But the exhibits often haven’t kept up with the times, a fact museum leadership has smartly acknowledged in recent years and is poised to dramatically change.

The museum’s launch this week of the public phase of an $89 million fundraising campaign promises to fully transform the 100,000-square-foot building and 40,000-square-foot exhibition space that hasn’t been renovated or upgraded since 1976.

It’s a welcome development that should help reinvigorate the museum, generate more excitement for it among Hoosiers, give its many out-of-state visitors a more tantalizing experience, and make the institution a bigger part of the city’s arts and culture scene.

Joe Hale, the museum’s executive director, told IBJ’s Mickey Shuey that the renovated space will offer the kind of interactive, immersive and entertaining experiences museum-goers have come to expect in the 21st century.

That will include a racing simulator and hands-on experiences, including a pit stop competition area that will let visitors make use of tools used during the race. About $64 million of the campaign will go toward that transformation as well as technology and infrastructure improvements.

About $20 million will be spent on creating an education curriculum and programming as well as a learning center for science, technology, engineering, art and math.

Lilly Endowment Inc. provided the money for education initiatives through an earlier quiet phase of the fundraising campaign.

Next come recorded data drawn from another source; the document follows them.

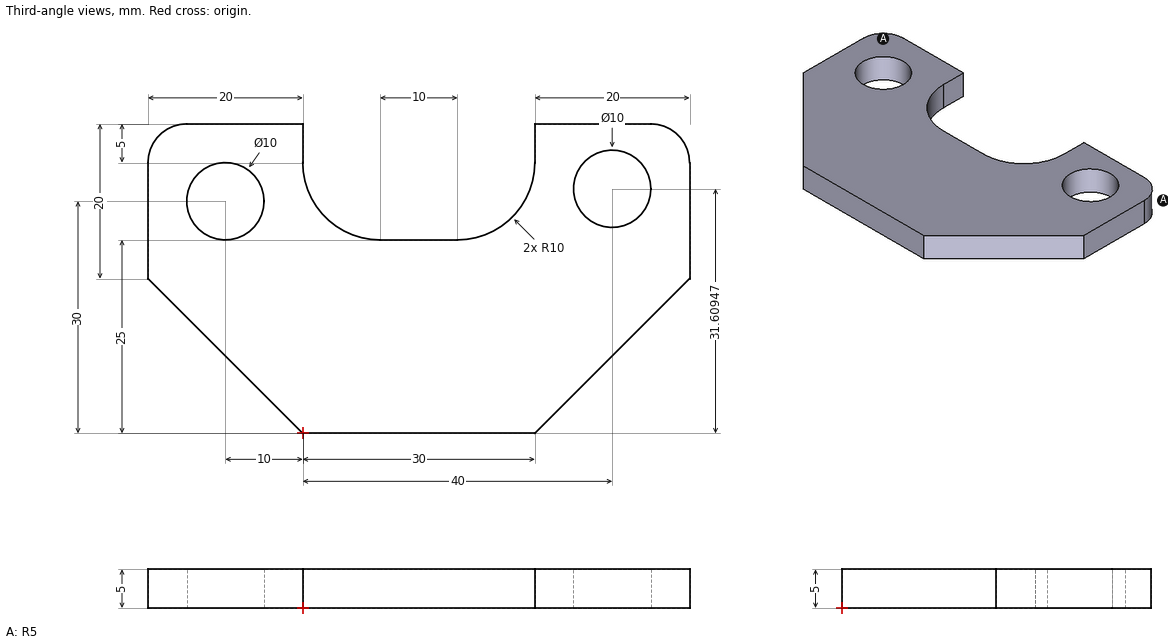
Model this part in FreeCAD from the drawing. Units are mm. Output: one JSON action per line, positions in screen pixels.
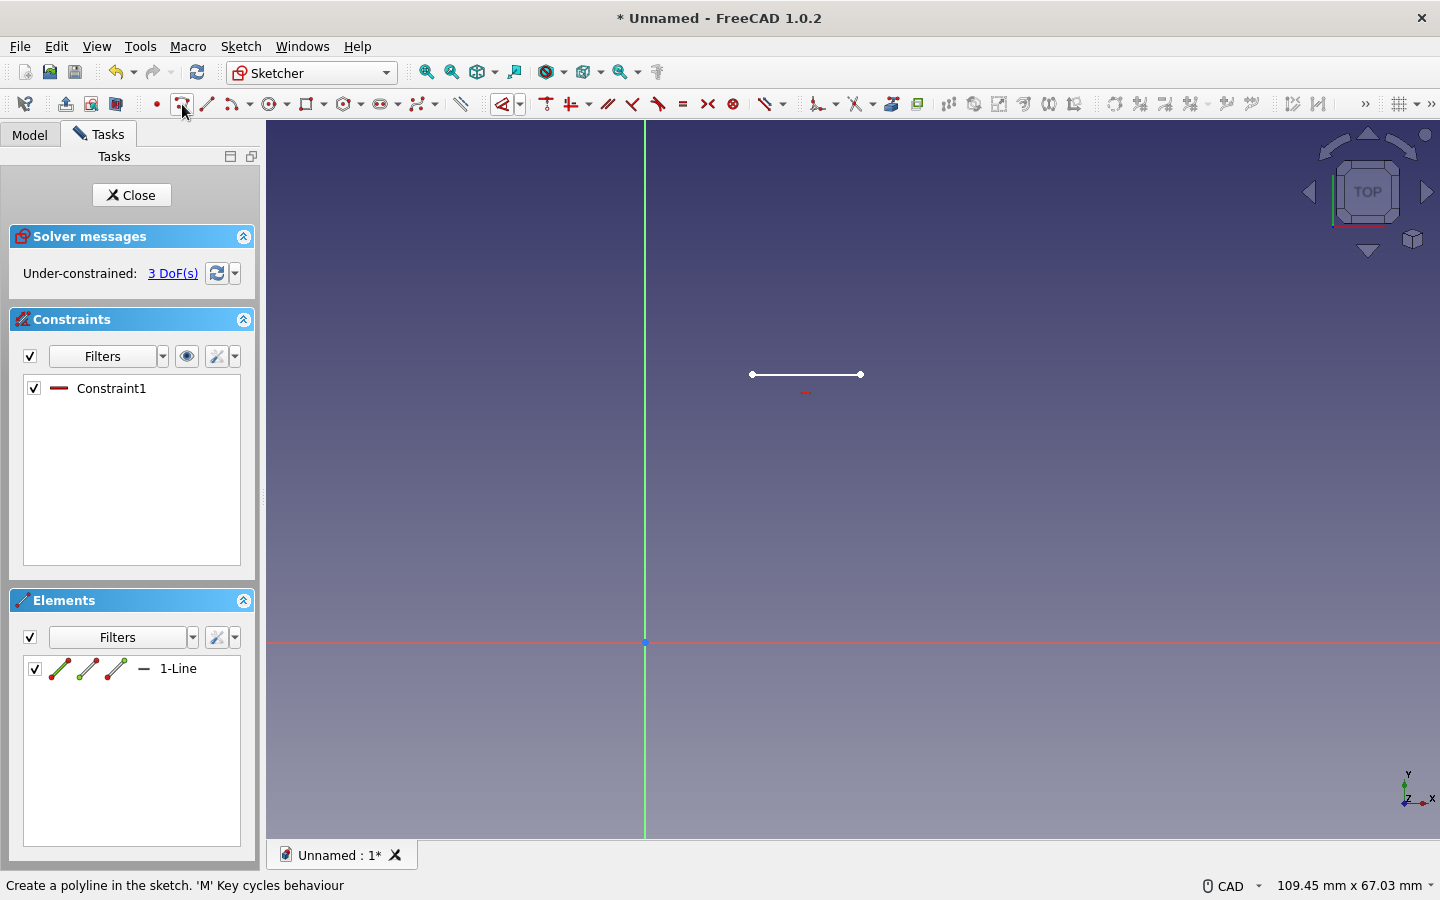
{"action": "left_click", "coordinate": [645, 267]}
{"action": "left_click", "coordinate": [654, 213]}
{"action": "left_click", "coordinate": [431, 213]}
{"action": "left_click", "coordinate": [431, 428]}
{"action": "left_click", "coordinate": [645, 643]}
{"action": "left_click", "coordinate": [967, 634]}
{"action": "left_click", "coordinate": [1181, 428]}
{"action": "left_click", "coordinate": [1181, 213]}
{"action": "left_click", "coordinate": [967, 213]}
{"action": "left_click", "coordinate": [967, 267]}
{"action": "right_click", "coordinate": [967, 267]}
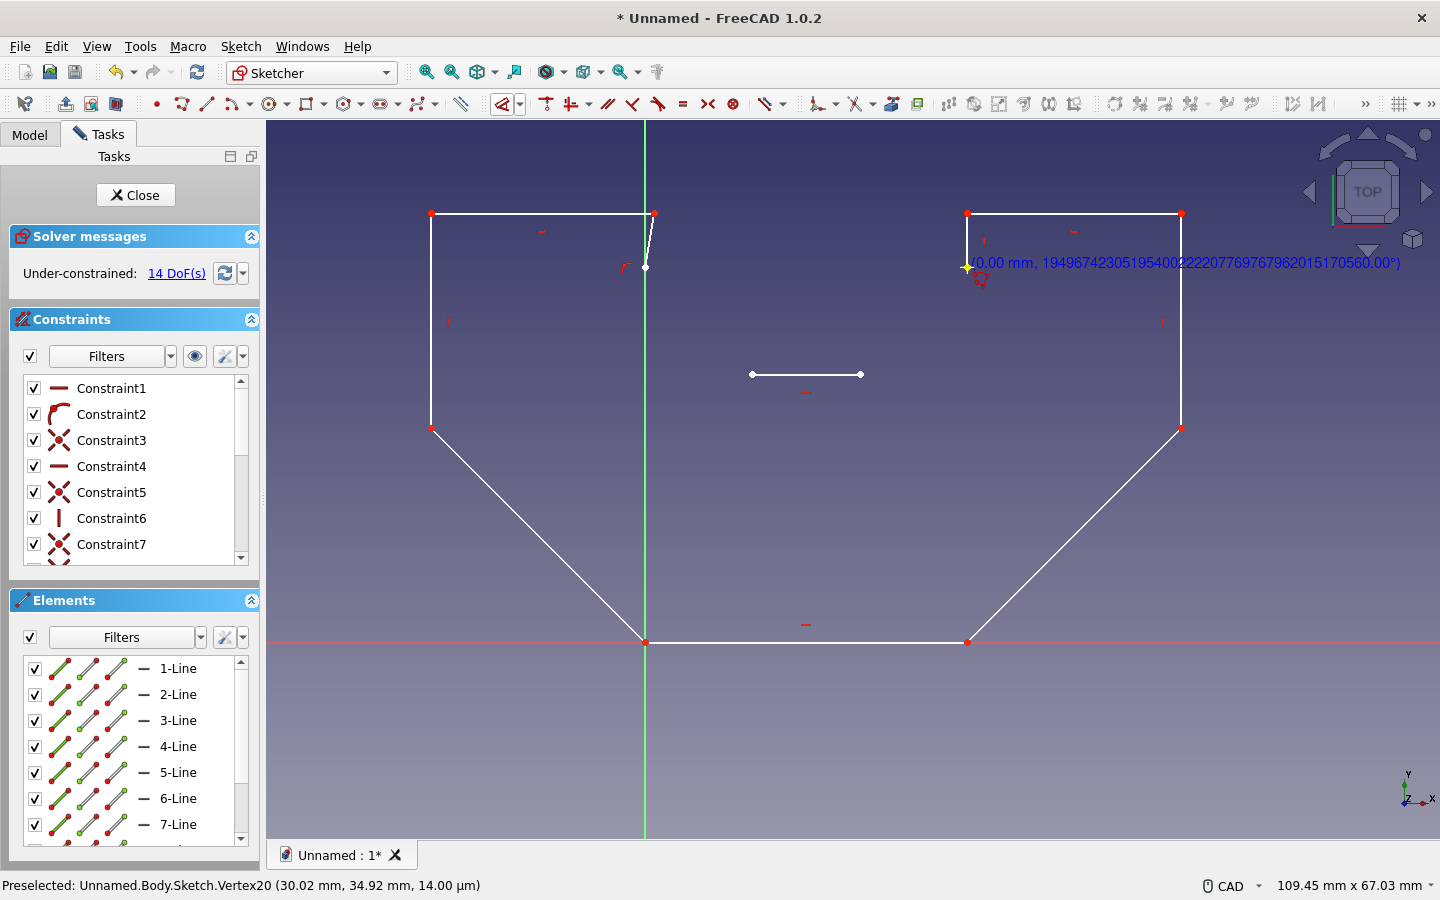
{"action": "left_click", "coordinate": [250, 104]}
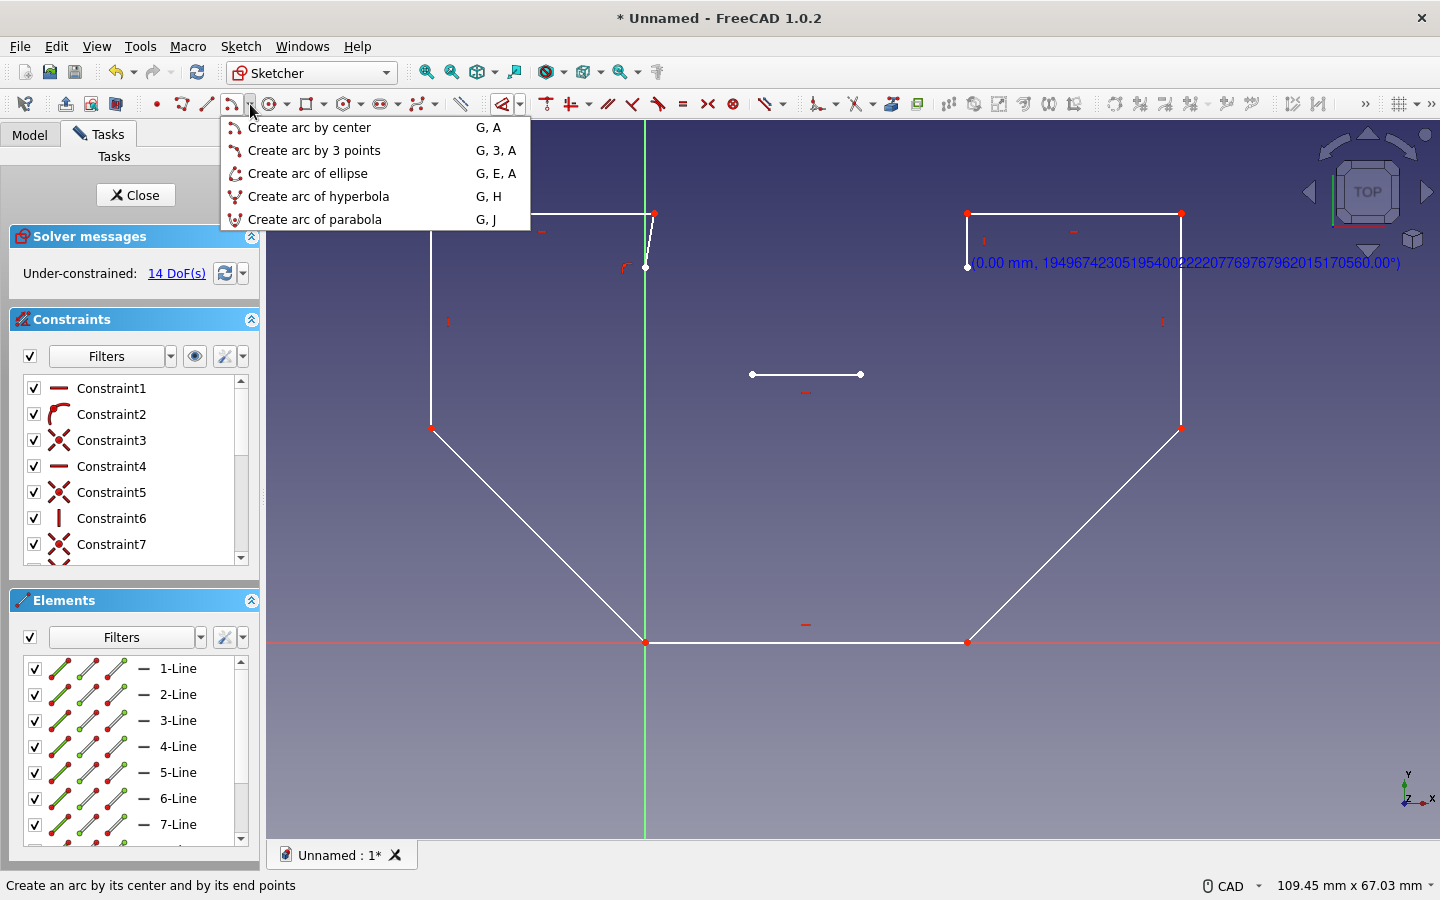
{"action": "left_click", "coordinate": [376, 150]}
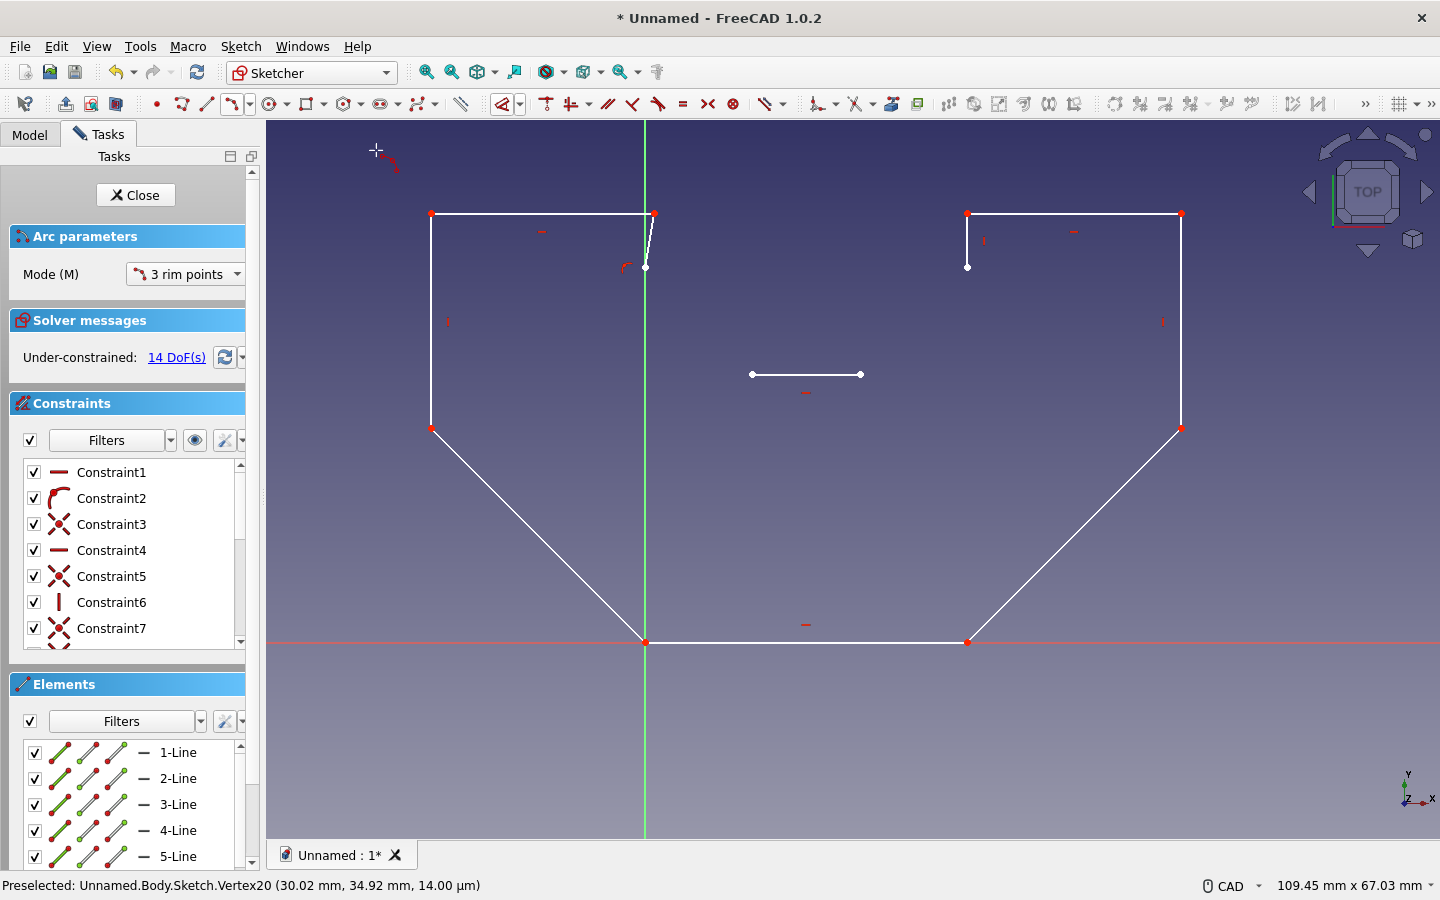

The museum also has received $10 million from Mary and Randy Rogers and $5 million from the Dyson Family Foundation, founded by museum board Chair Robert Dyson.

Penske Entertainment, which owns the speedway and the museum building, also is expected to donate to the campaign. The museum is operated independently by a separate board, but its new exhibit space will include a gallery dedicated to Roger Penske and his racing team’s 19 Indy 500 victories.

Now, it’s time for the broader public to also donate to the museum’s transformational campaign and help preserve what Indianapolis is best known for around the world.

The renovations will come with some inconvenience. The museum will close for about 18 months starting in November. But when it reopens just ahead of the 109th running of the Indianapolis 500, it will offer so much more grandeur to the wonderful and historic exhibit pieces that generations of race fans have come to love.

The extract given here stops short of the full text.